> DIRECTIONS FOR THIS TASK
Beginning with the line where "Viewport: 953px width, 1232px height." appears, restate each line word for word until the data ends. Pictures do not go in.

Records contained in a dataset
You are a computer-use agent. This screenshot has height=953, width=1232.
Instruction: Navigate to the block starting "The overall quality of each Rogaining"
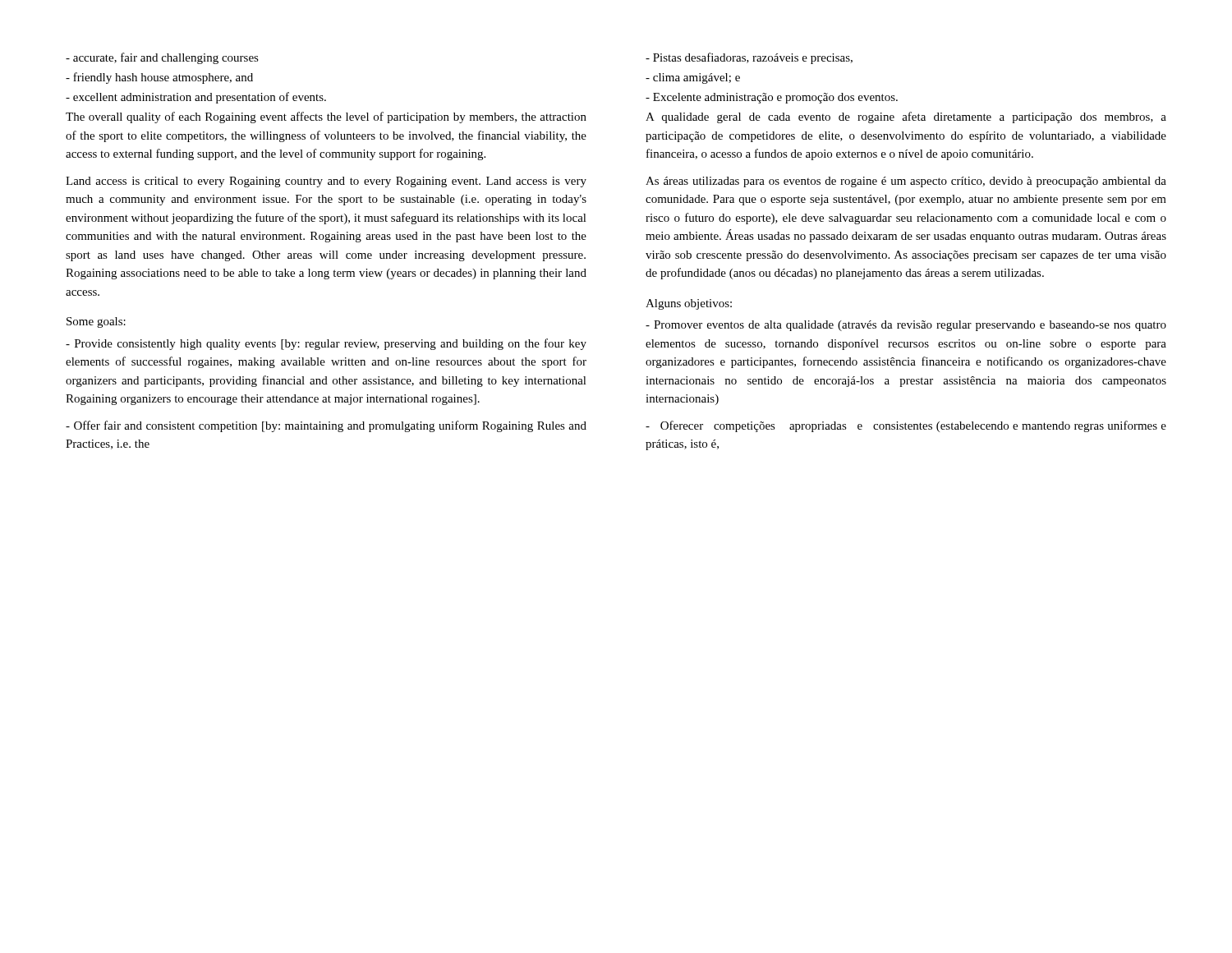[326, 135]
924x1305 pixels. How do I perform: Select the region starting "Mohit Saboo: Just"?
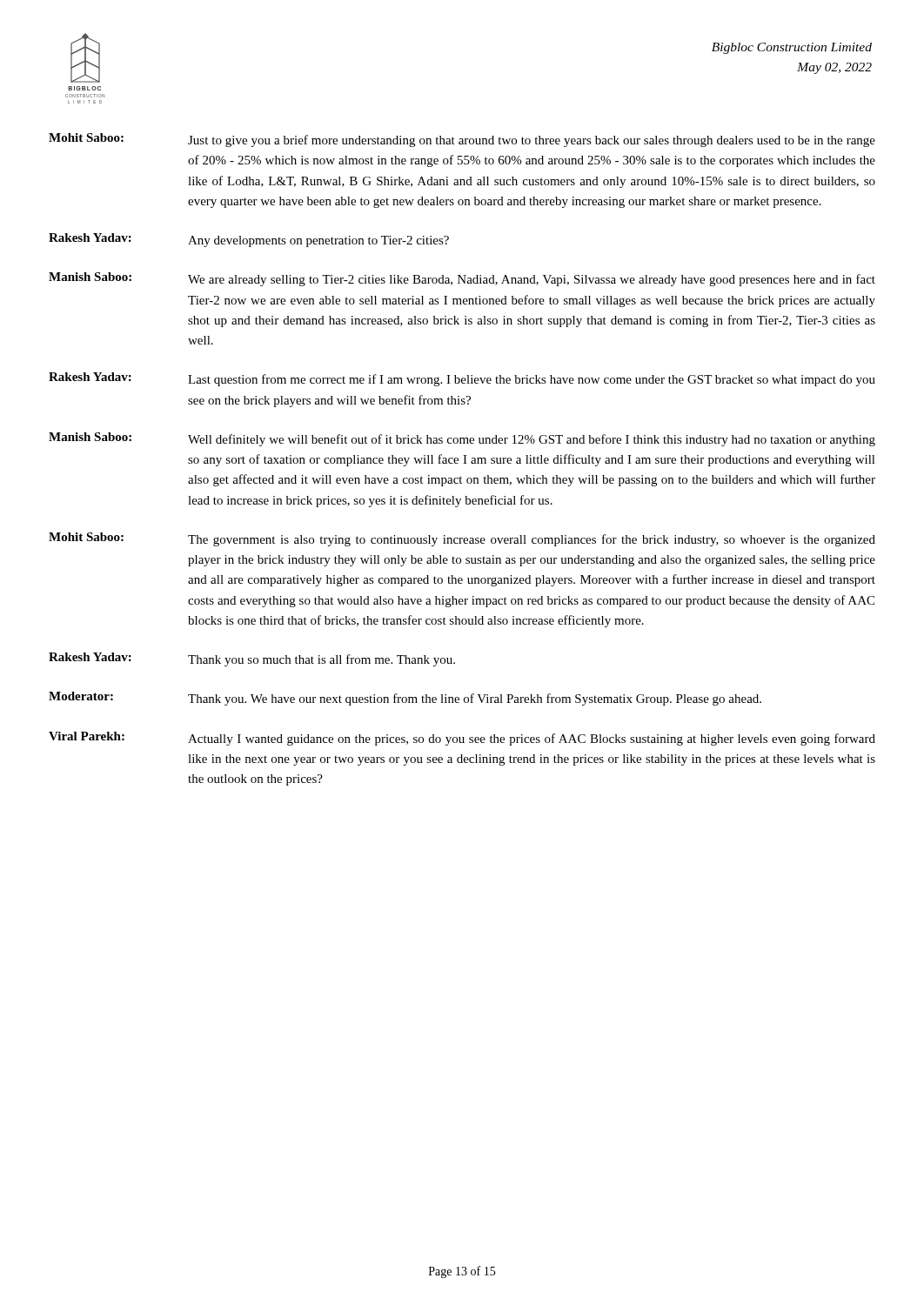click(x=462, y=171)
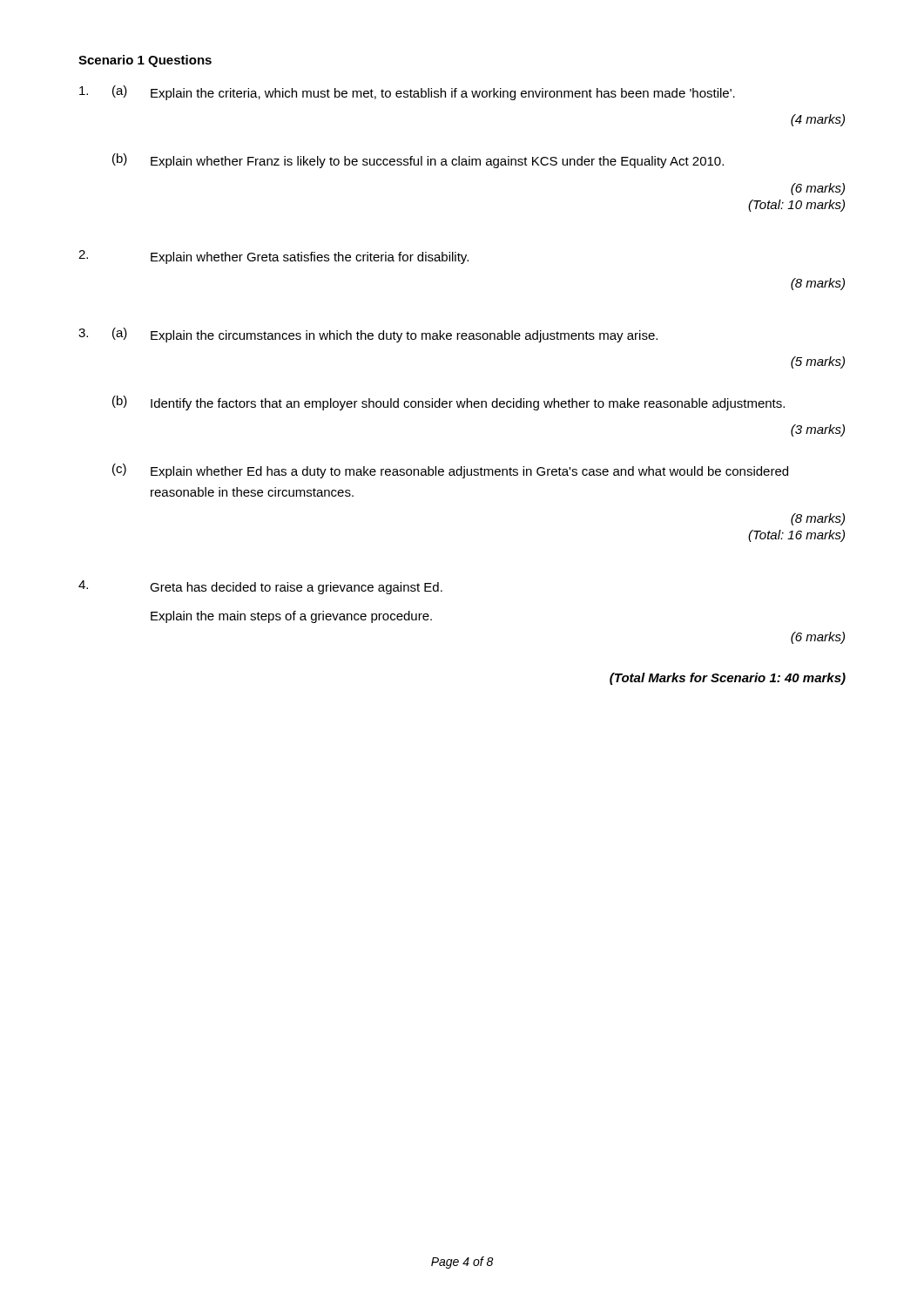Click on the region starting "(Total Marks for Scenario 1: 40"
The image size is (924, 1307).
(728, 678)
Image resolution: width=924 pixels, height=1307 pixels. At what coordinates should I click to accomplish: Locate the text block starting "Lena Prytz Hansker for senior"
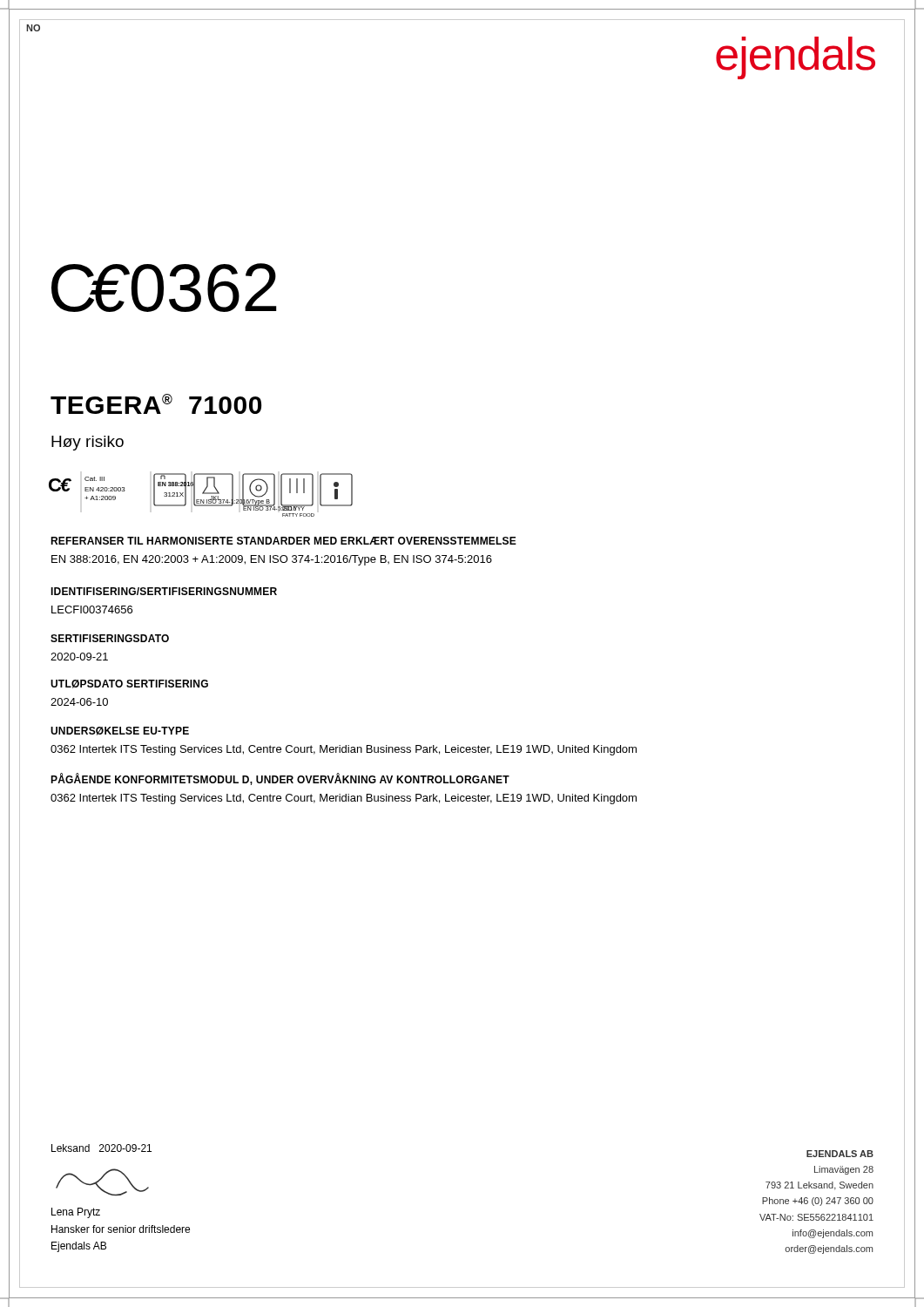coord(121,1229)
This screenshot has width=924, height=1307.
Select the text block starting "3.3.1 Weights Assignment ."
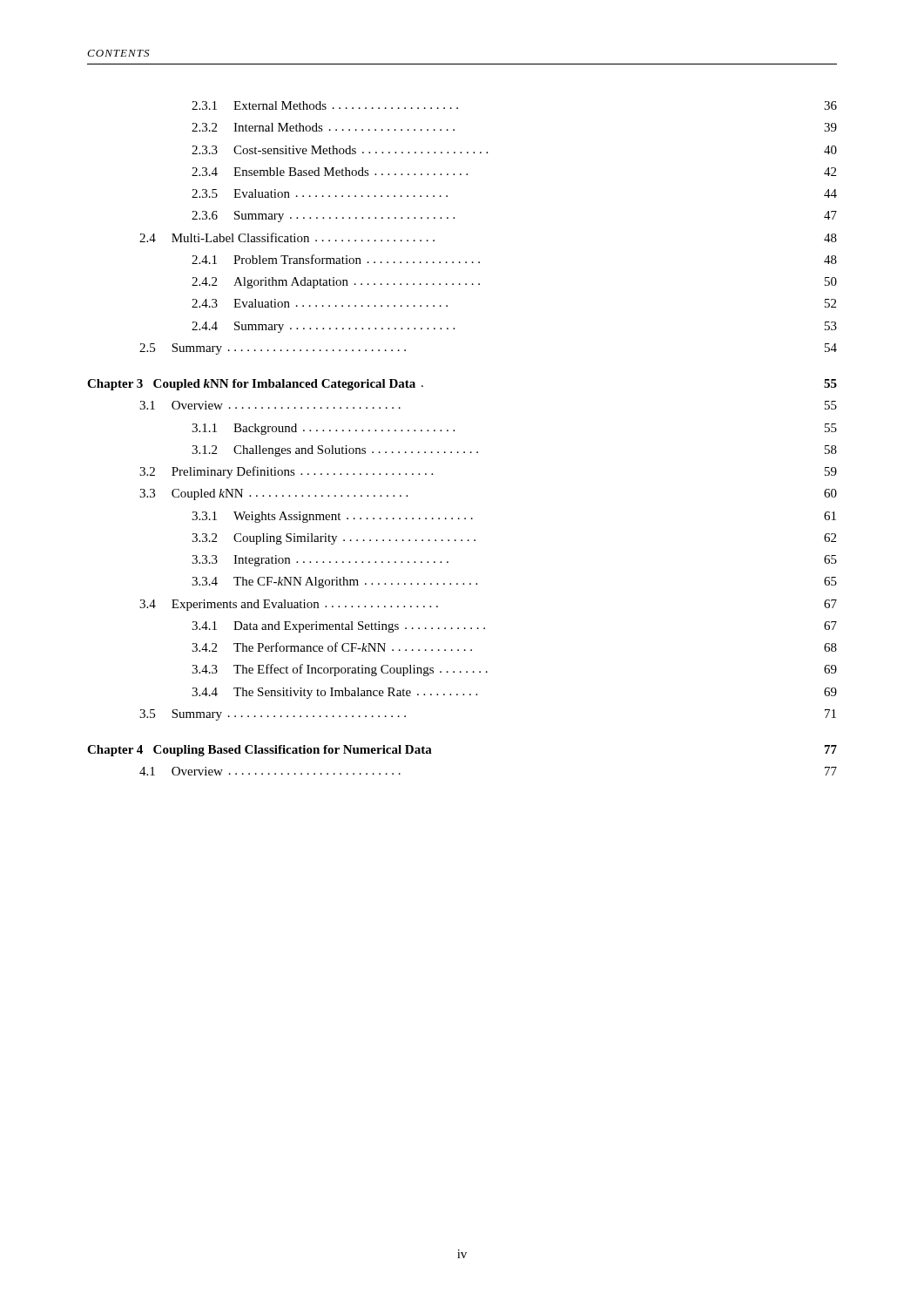[206, 517]
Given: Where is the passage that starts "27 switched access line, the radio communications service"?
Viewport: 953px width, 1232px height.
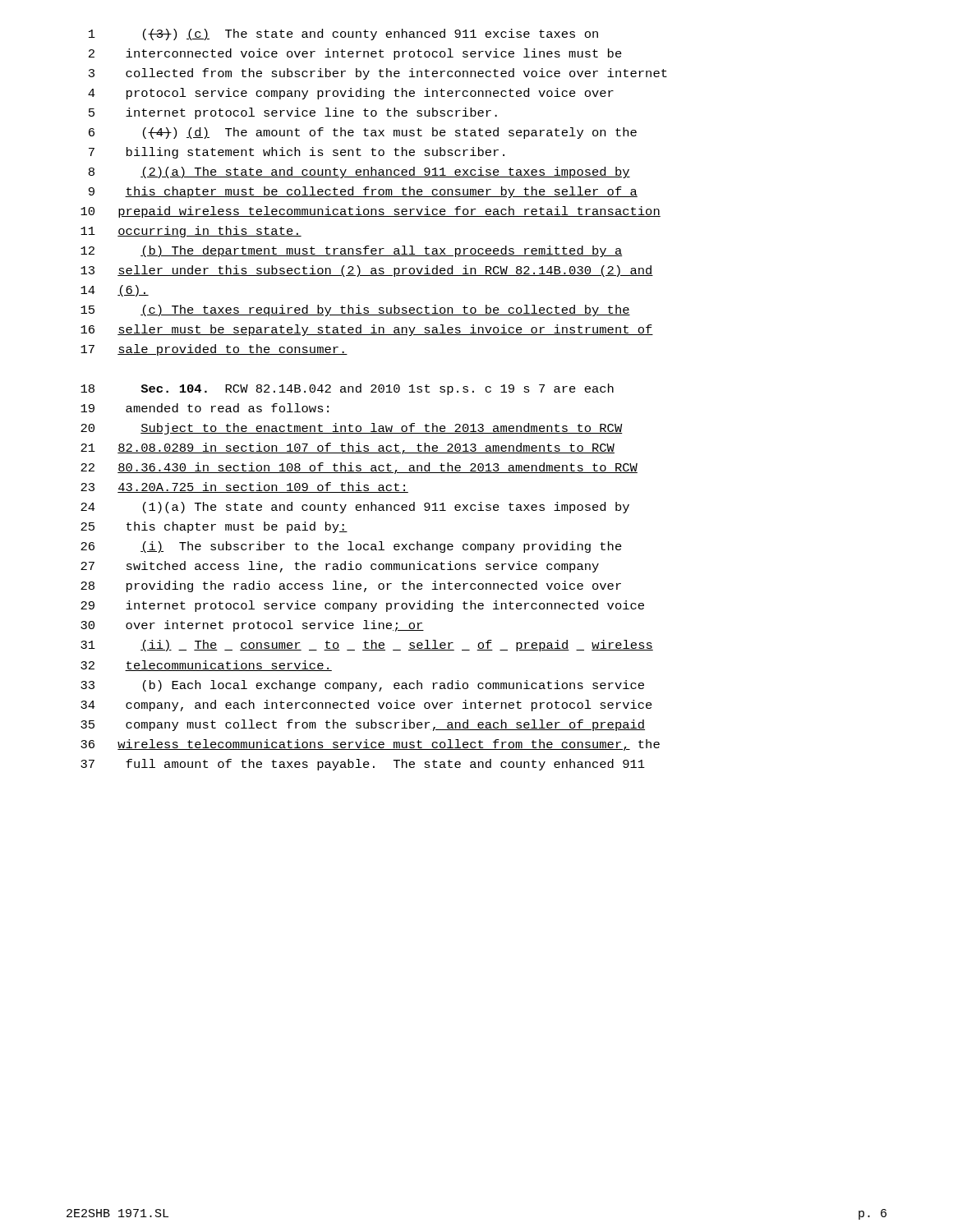Looking at the screenshot, I should pyautogui.click(x=476, y=567).
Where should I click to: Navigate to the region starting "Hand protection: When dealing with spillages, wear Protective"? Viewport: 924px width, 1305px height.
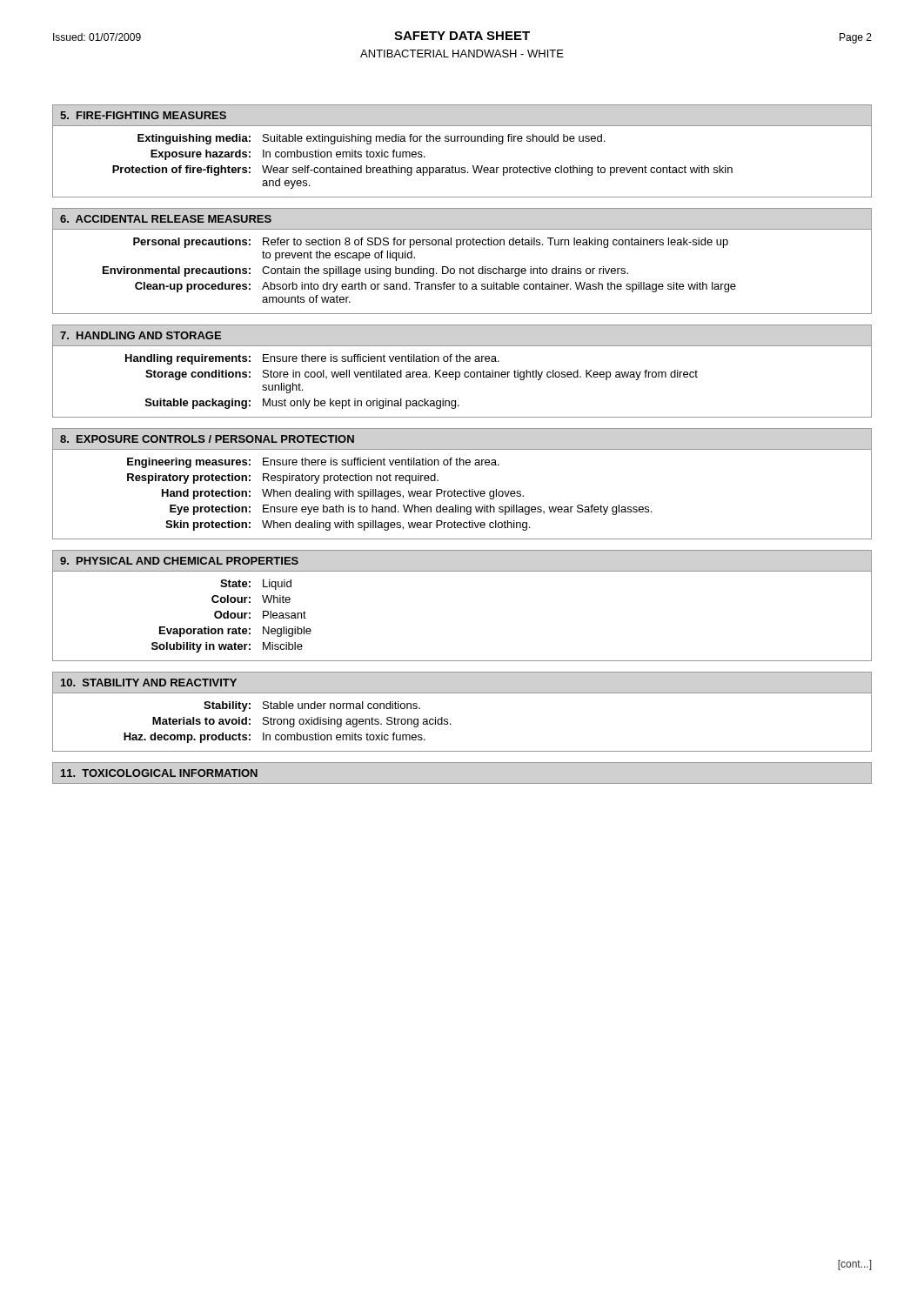462,493

> EXERCISE OUTPUT
Viewport: 953px width, 1232px height.
Looking at the screenshot, I should pyautogui.click(x=476, y=567).
Where should I click to: Navigate to the region starting "Hand protection: When dealing with spillages, wear Protective"? Viewport: 924px width, 1305px height.
462,493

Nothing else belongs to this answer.